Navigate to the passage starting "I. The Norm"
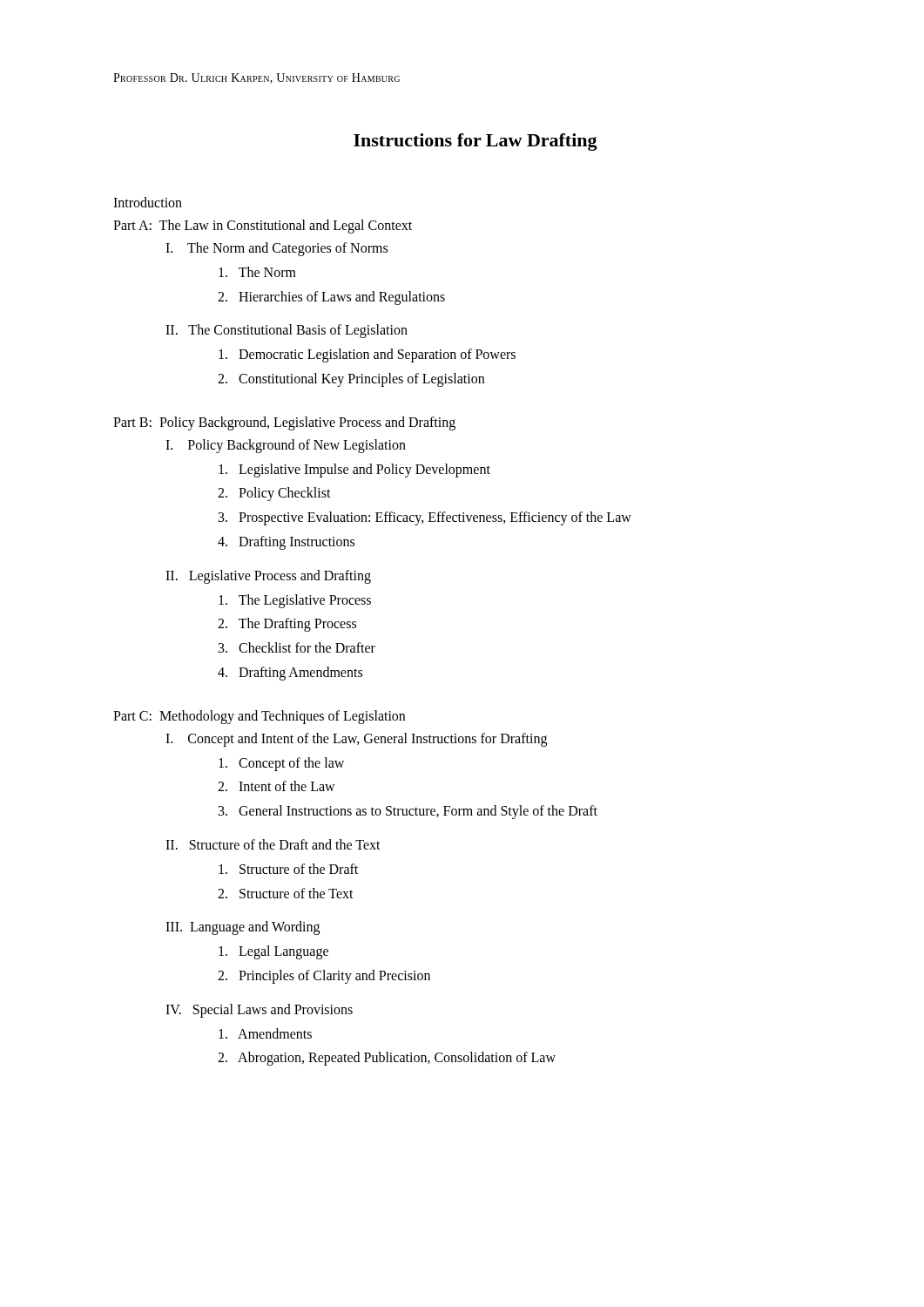pos(277,248)
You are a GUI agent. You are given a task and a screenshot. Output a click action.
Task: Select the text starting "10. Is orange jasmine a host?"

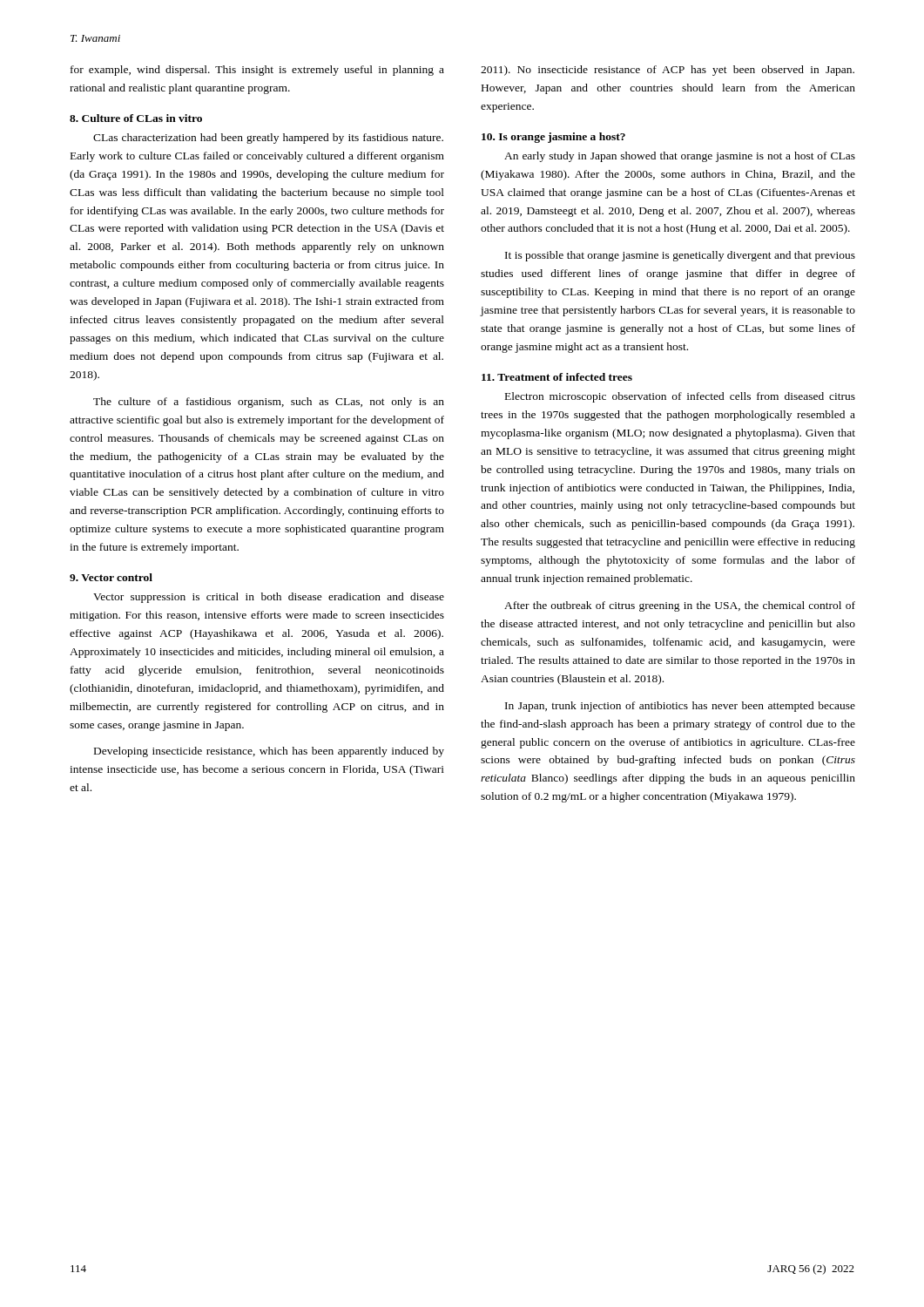(x=553, y=136)
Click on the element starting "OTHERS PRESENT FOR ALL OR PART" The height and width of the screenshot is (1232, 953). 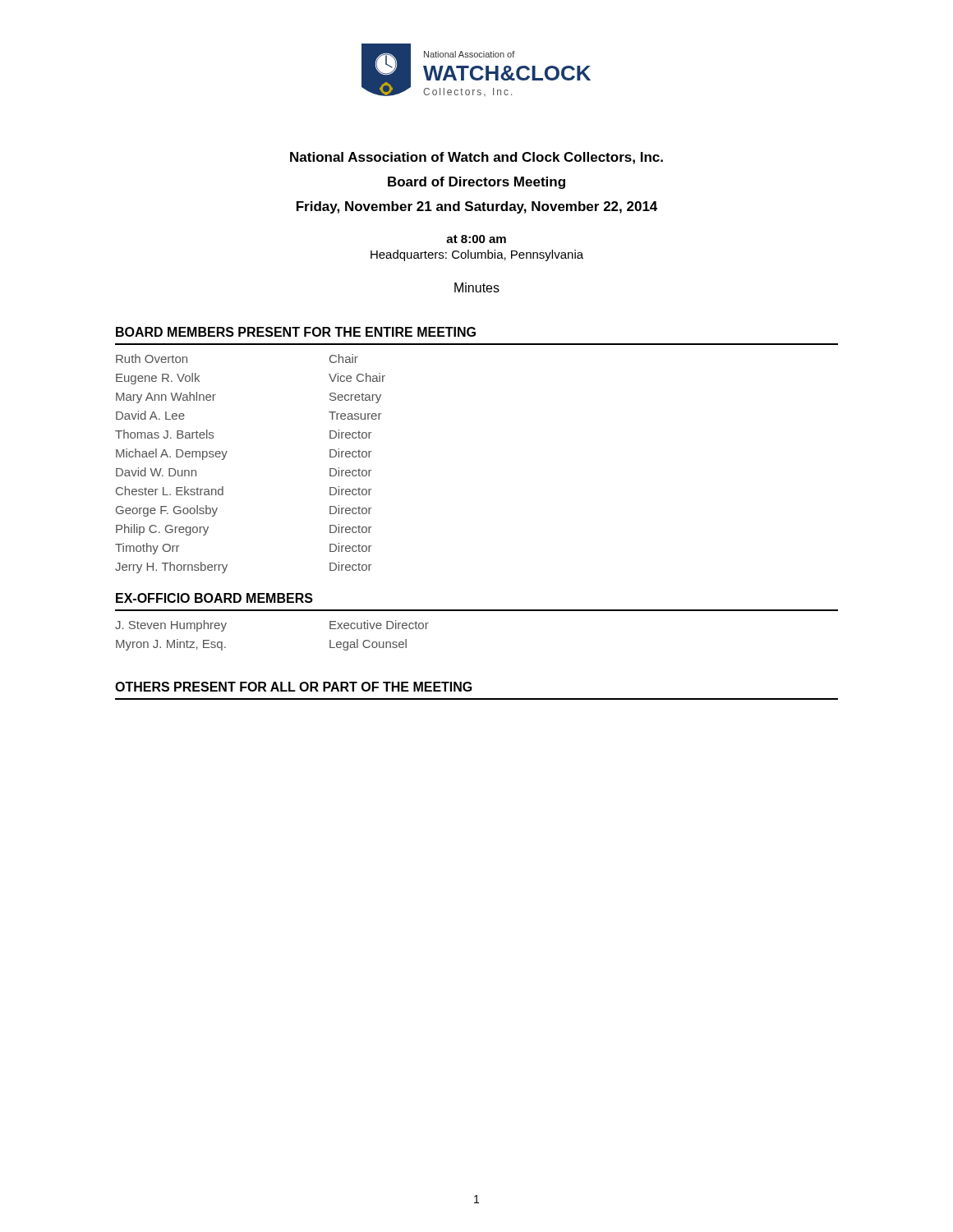(294, 687)
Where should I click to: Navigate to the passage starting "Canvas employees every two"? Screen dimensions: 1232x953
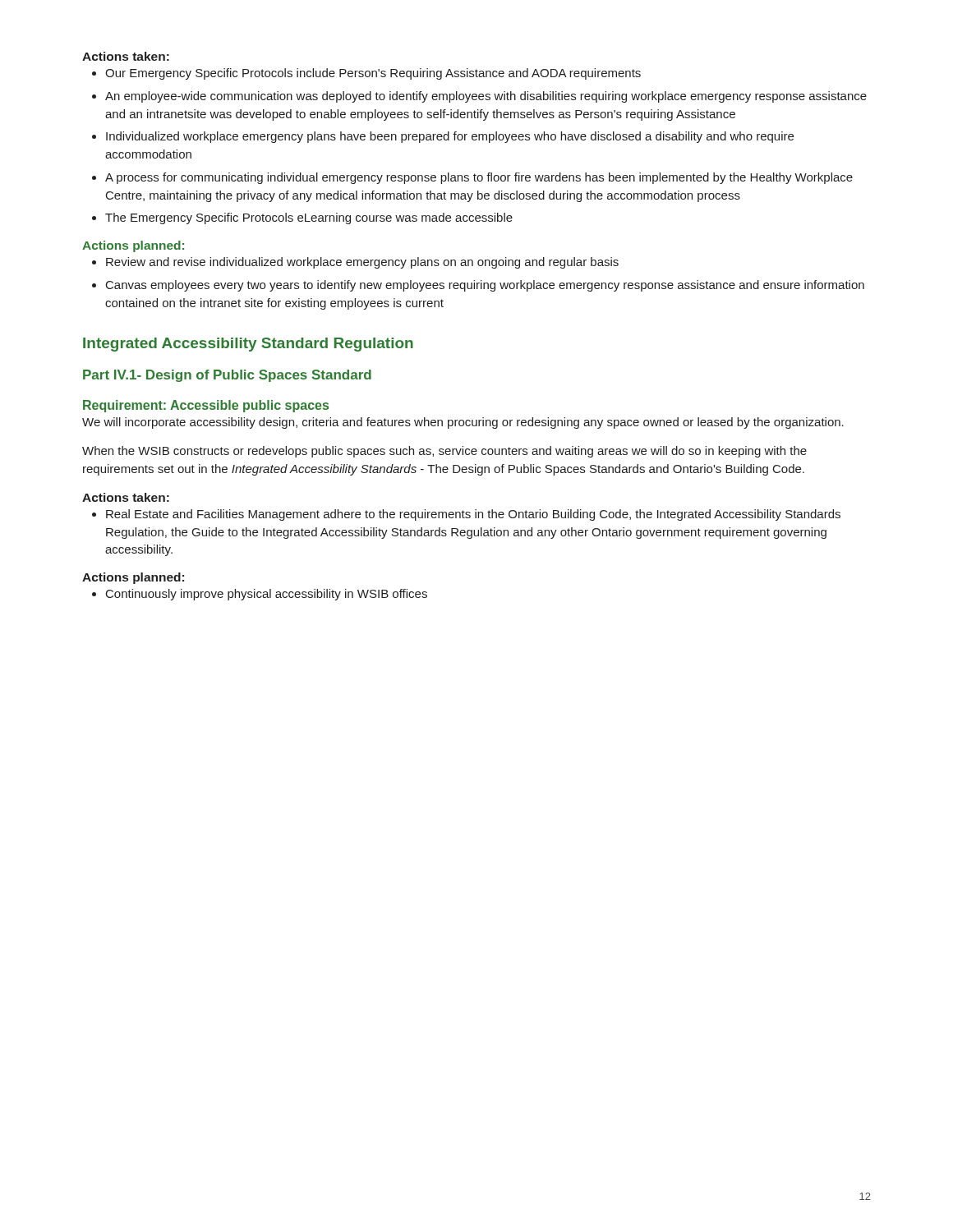click(485, 293)
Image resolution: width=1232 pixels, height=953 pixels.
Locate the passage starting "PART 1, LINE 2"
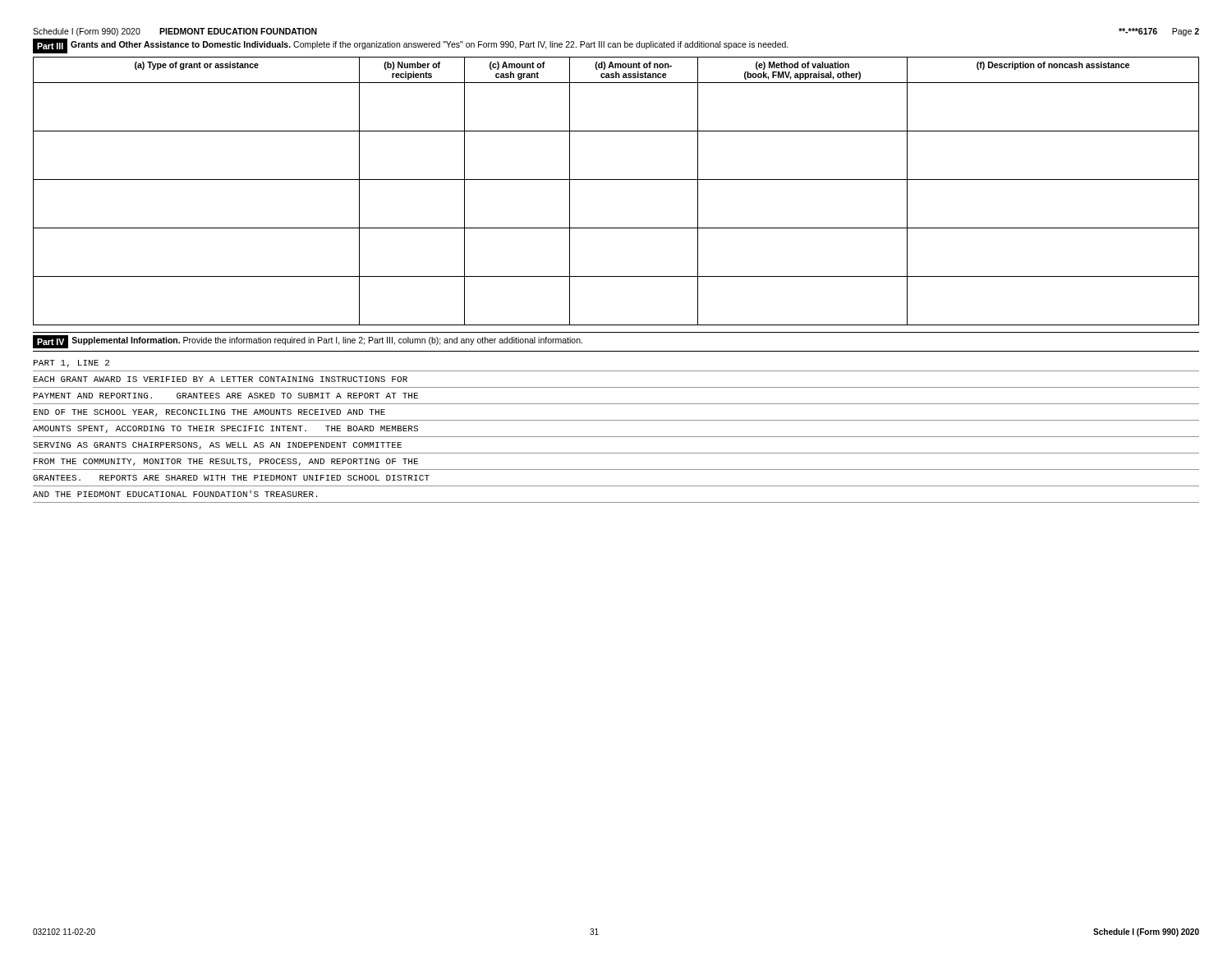pos(71,363)

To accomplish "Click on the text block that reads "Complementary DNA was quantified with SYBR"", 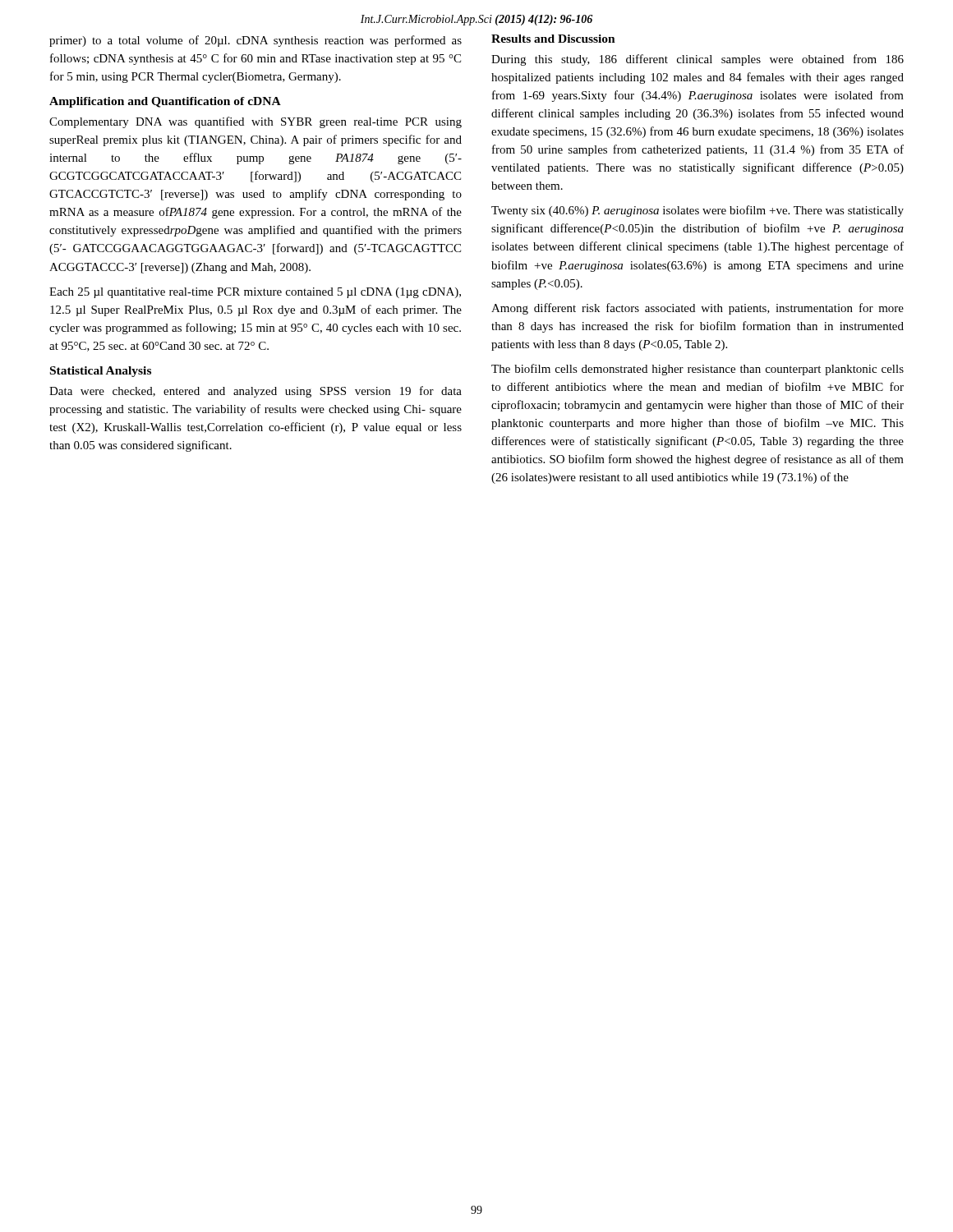I will (255, 194).
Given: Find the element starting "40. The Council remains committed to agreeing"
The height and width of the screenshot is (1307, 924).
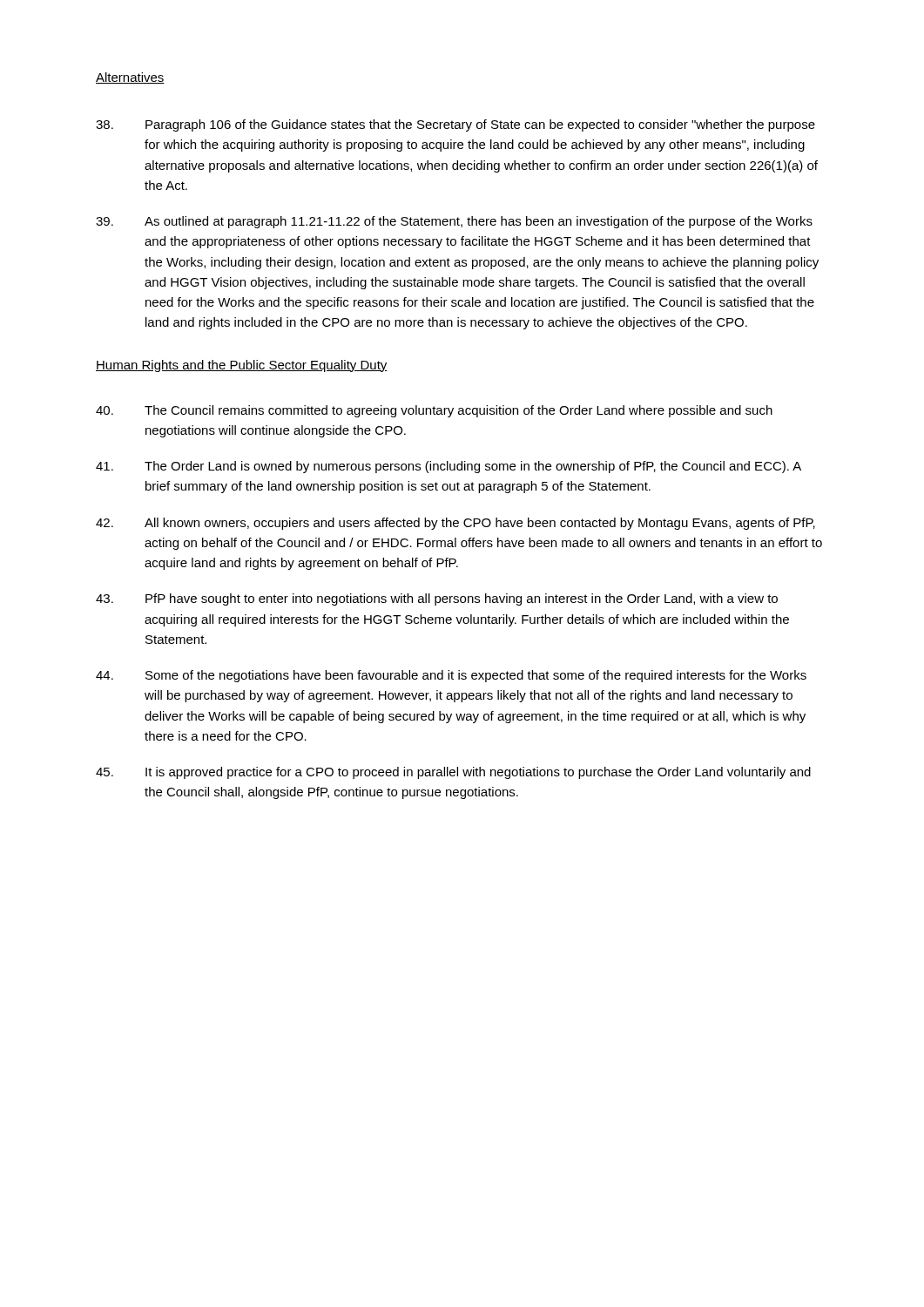Looking at the screenshot, I should (x=462, y=420).
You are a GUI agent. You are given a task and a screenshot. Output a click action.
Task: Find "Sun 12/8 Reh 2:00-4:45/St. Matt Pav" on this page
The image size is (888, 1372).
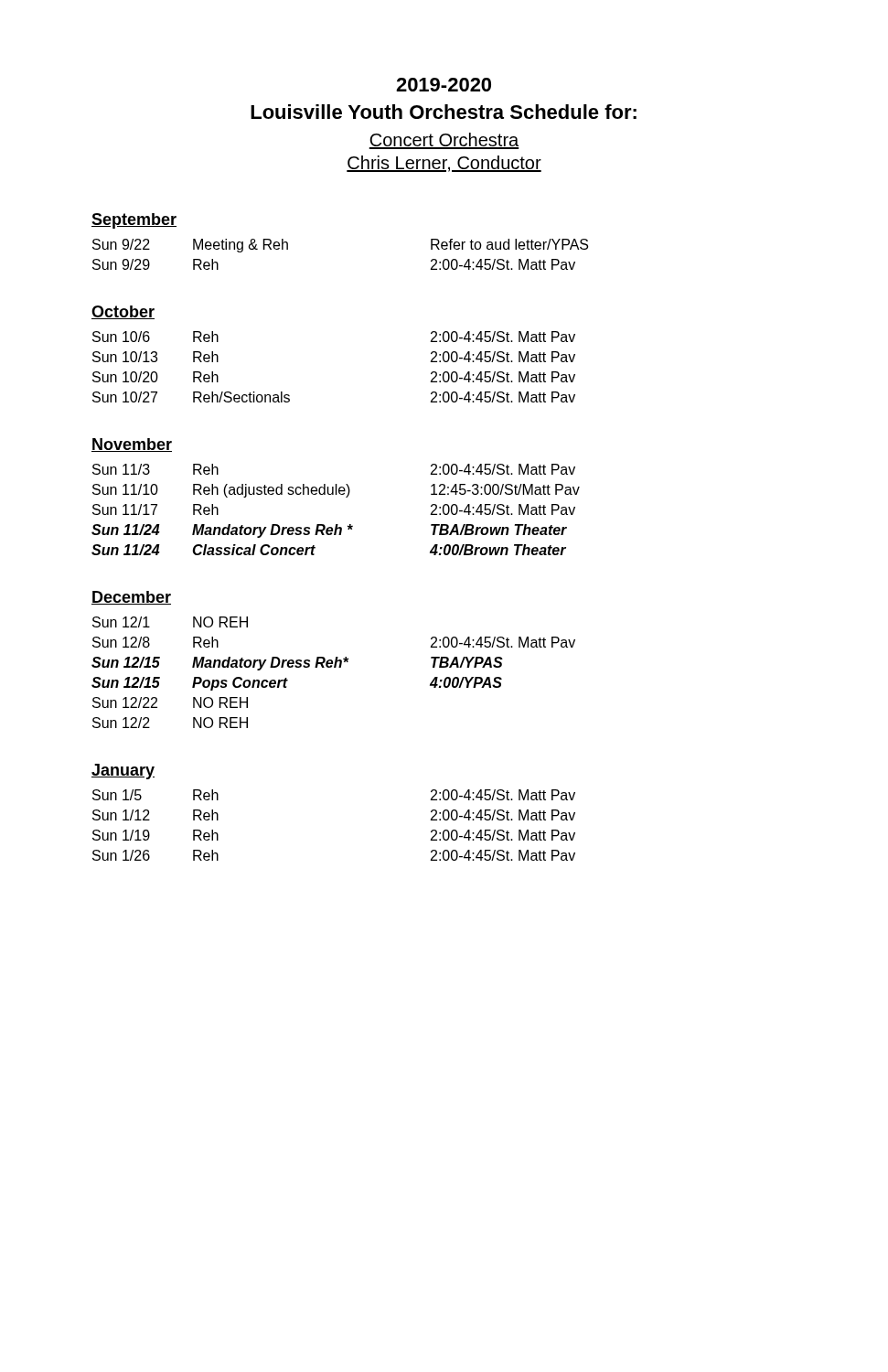[x=444, y=643]
------------------------------------------------
*Exercise*: Your answer must be a copy of every line in the data above that holds the string "Find".

*Written solution*:
Given: Find the element starting "40. The Council remains committed to agreeing"
Task: Find "Sun 12/8 Reh 2:00-4:45/St. Matt Pav" on this page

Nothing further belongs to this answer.